Warning
This is a repository accompanying a research paper on arxiv, which was published on September 1, 2025. I don't plan to maintain this repository in the long-term. Use at your own risk.
Read Paper on arXiv | Watch video on YouTube |
---|---|
![]() |
![]() |
We present a method to calculate the similarity between words based on their phonetic transcription (their pronunciation) using the Needleman–Wunsch algorithm. We implement this algorithm in Rust and parallelize it on both CPU and GPU to handle large datasets efficiently. The GPU implementation leverages CUDA and the cudarc Rust library to achieve significant performance improvements.
We validate our approach by constructing a fully-connected graph where nodes represent words and edges have weights according to the similarity between the words. This graph is then analyzed using clustering algorithms to identify groups of phonetically similar words. Our results demonstrate the feasibility and effectiveness of the proposed method in analyzing the phonetic structure of languages. It might be easily expanded to other languages.
Preprocess data. See the data section in this Readme for more details. Also see the Python virual env section below.
$ python3 python/0-data-preparation/<script-up-to-number-2>.py
Run the parallelized Rust GPU implementation. The code was tested on a consumer NVIDIA GeForce GTX 1060 6GB. It might not work as intended on other GPUs, although the algorithms were designed to be general enough.
$ cargo run --bin gpu --release
$ cargo run --bin make_graph --release
Run the parallelized, but slow Rust CPU implementation.
$ cargo run --release
Plot some outputs. Create a top-level eval/
folder first for the scripts to work.
$ python3 python/evaluation/<script>.py
It is advised to run the Python scripts in a virtual environment.

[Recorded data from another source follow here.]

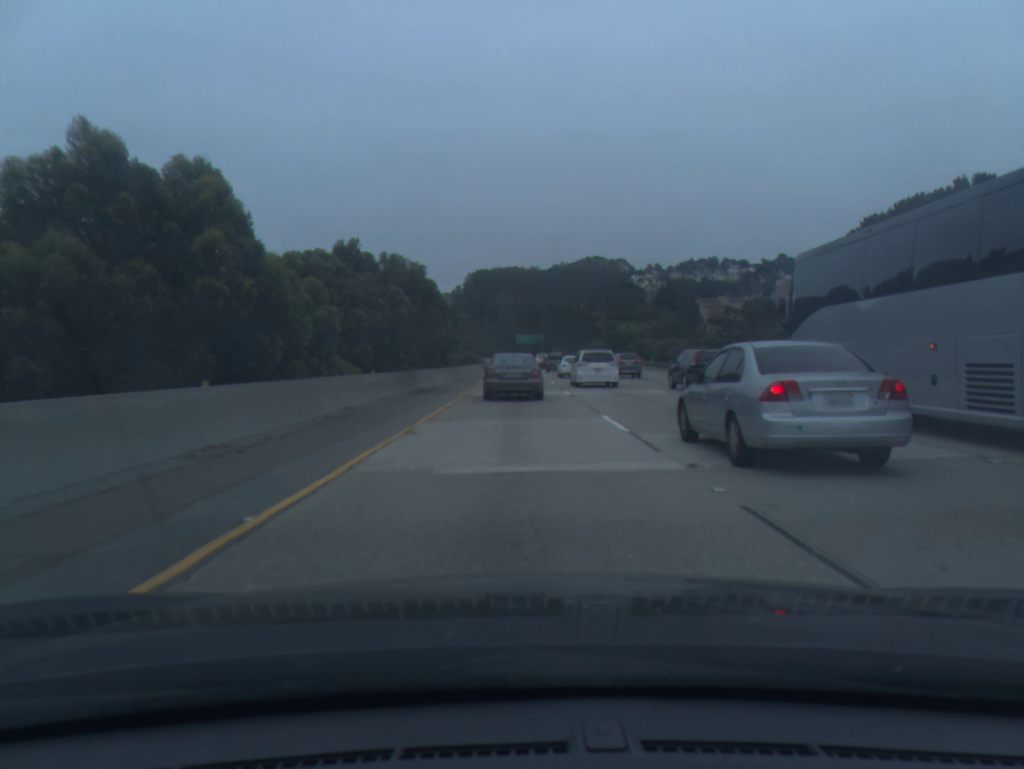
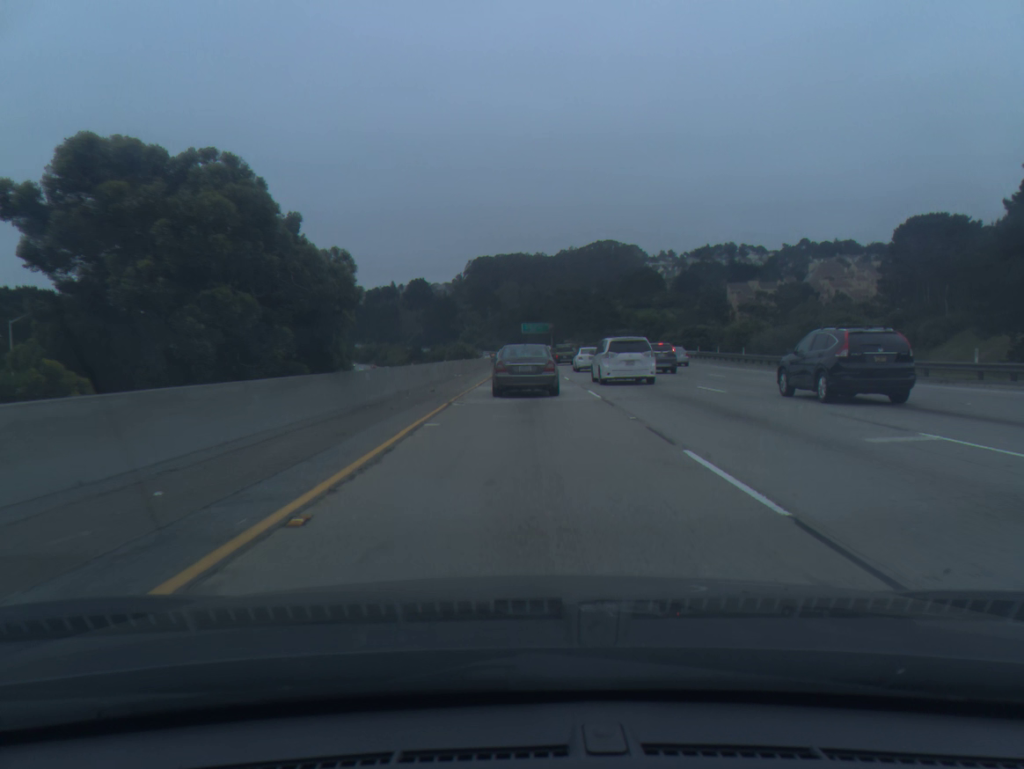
(0.0, +36.4) m; 0°
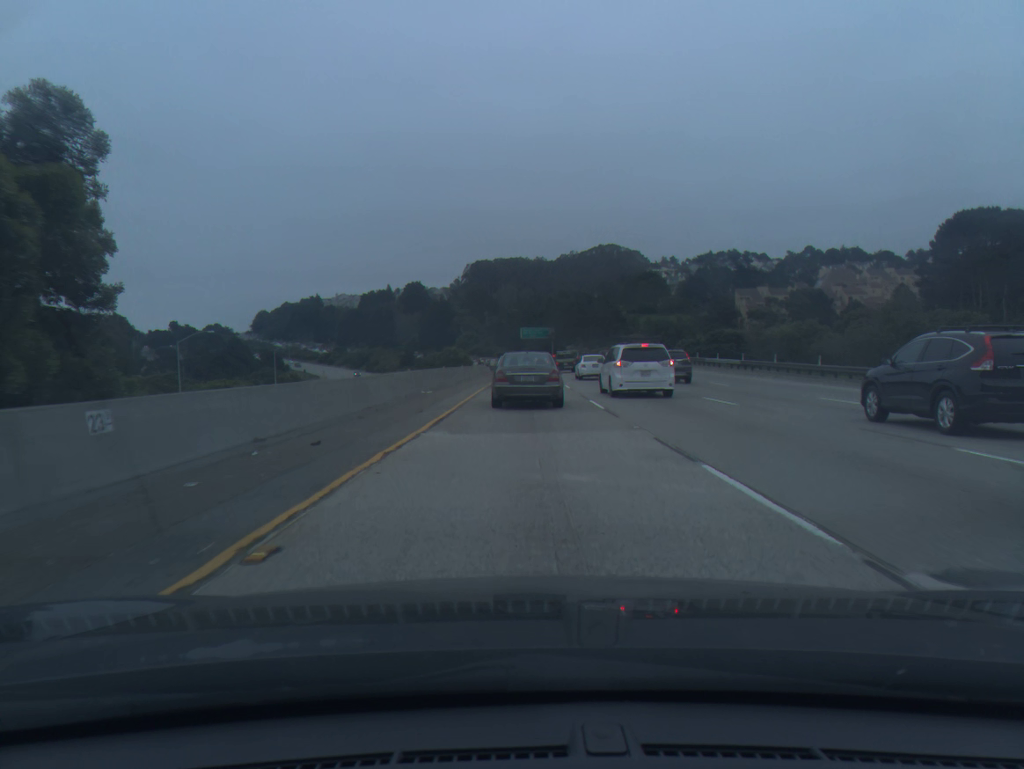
(0.0, +15.4) m; 0°
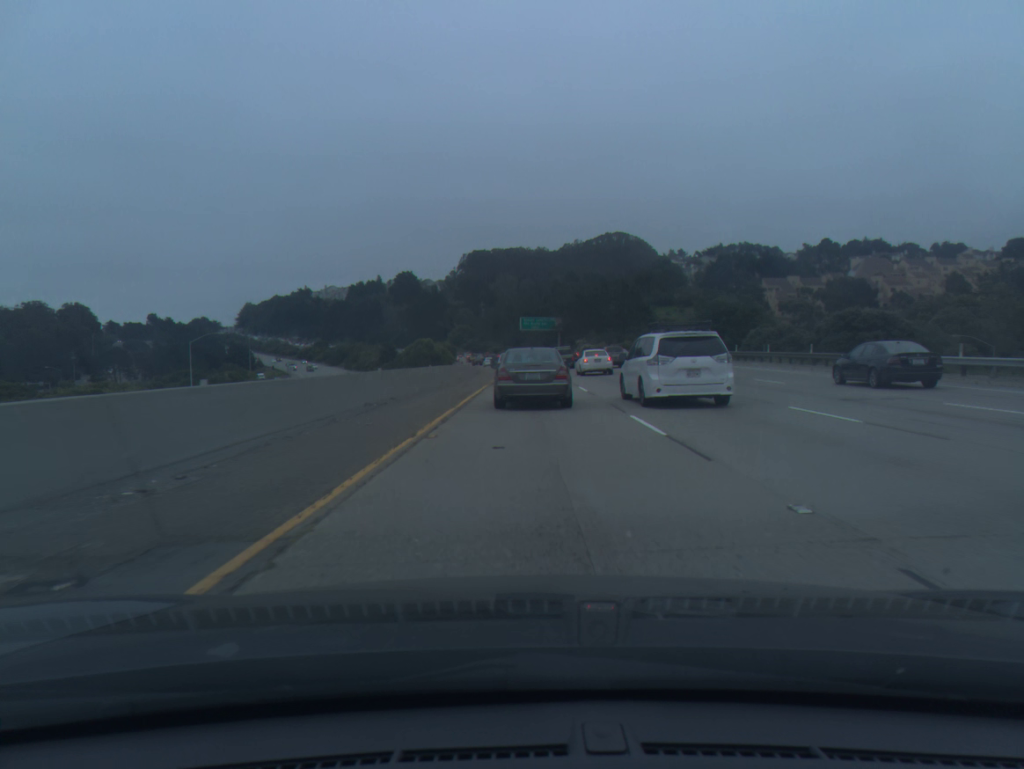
(+0.1, +37.0) m; 0°
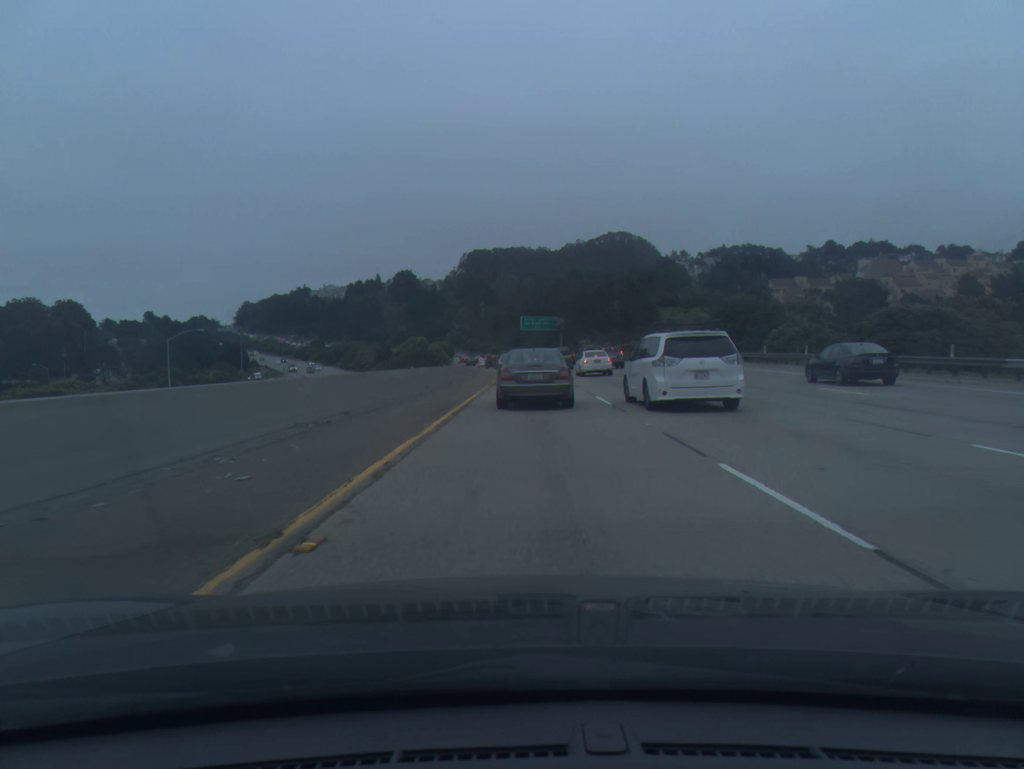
(0.0, +6.9) m; 0°
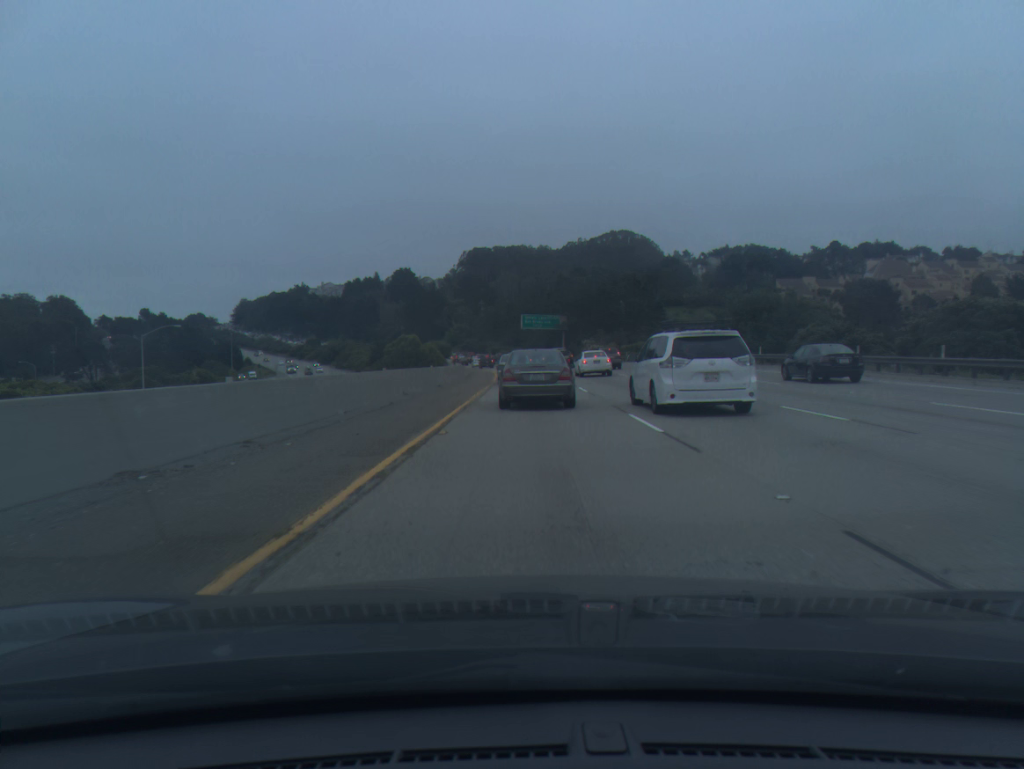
(0.0, +6.9) m; 0°

python -m venv projectname
source projectname/bin/activate
(venv) $ pip install -r requirements.txt
This repository does not contain the data used in the paper. Instead, you can download it from the following sources (also see the paper for more details). For the Python scripts to run properly, create the folders data/lists/
and data/graph/
. Then fill them with the following files:
data/lists/french-words.txt
: french-words. French words with partial POS-tagging and relative frequencies. By frodonh. Note that this uses many different sources to construct the word list, see the repository for more details.data/lists/french-phonetics.json
: WikiPronunciationDict. Pronunciation dictionaries for several languages, based on Wiktionary data. By Daniel Wolf.